Technology transfer: ICM supported by IHU has increased industrial attractiveness, allowing it to search for partners, negotiate contract, and file intellectual property:
- 1000+ research agreements with socio-economic partners (40% international) generated 76M€of revenue (2010-17) under the Institut Carnot label, unique to ICM among all IHUs,
- > 20 proprietary know-hows valorized generating 700-900K€/year,
- 56 patent applications & 7 exclusive licenses,
- Launch in 2017 of NeuroCatalyst to develop “made by ICM” products with clinical POC and solid IP.
Start-up 2.0 and incubator: ICM’s bioincubator (2013) has helped 40+ companies (9 from ICM). Its rent generates around 500K€/year. Since 2015, 20+ start-up incubated on the IHU’s site have:
- raised 160 M€,
- created 300 jobs,
- brought 5 products to market.
Fundraising: ICM has:
- raised more than 110M€,
- relied on its Circle of Friends (718 donors),
- set up direct marketing and online fundraising for the general public (175000 donors).

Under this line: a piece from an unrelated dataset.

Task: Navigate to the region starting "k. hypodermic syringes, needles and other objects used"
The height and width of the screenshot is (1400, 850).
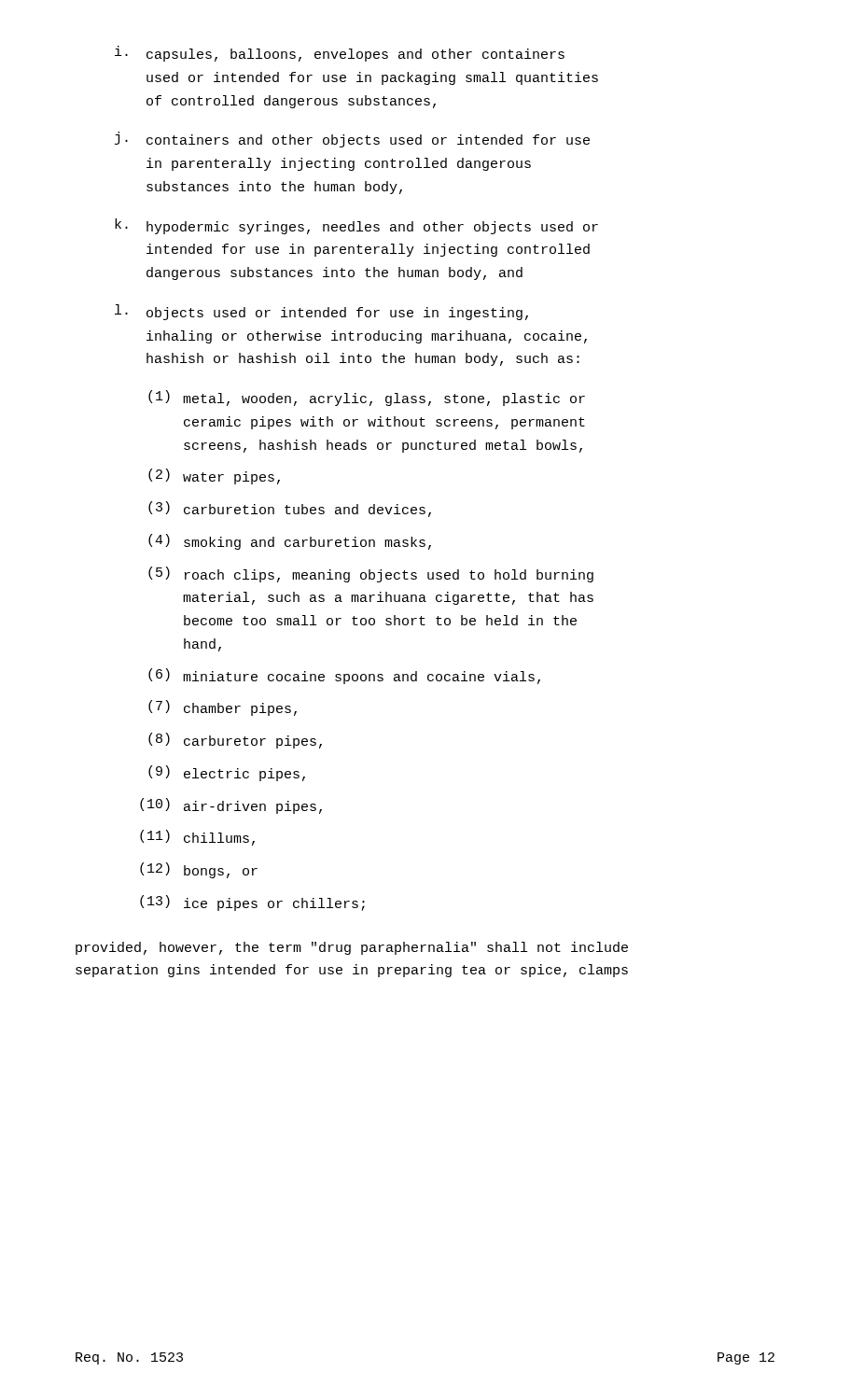Action: 425,252

Grants: Since 2012, ICM has:
- raised 85M€ (grant income of ~€10m/year),
- obtained 100 ANR grants, 300 grants from Associations-foundations & 81 grants from public funding,
- received Allen Distinguished Investigator & NYSCF Robertson Investigator awards (1,5M$ each)
obtained Grants form 46 international associations/foundations and 7 NIH grants,
- managed 11 ERC grants + 3 POC & 14 H2020 collaborative grants,
- been a leader of one Innovative Training Networks (ITN, Zenith 4M€) and a partner of one ITN (Gliotrain),
- received 15 ICM post-doc MSCA individual fellowships.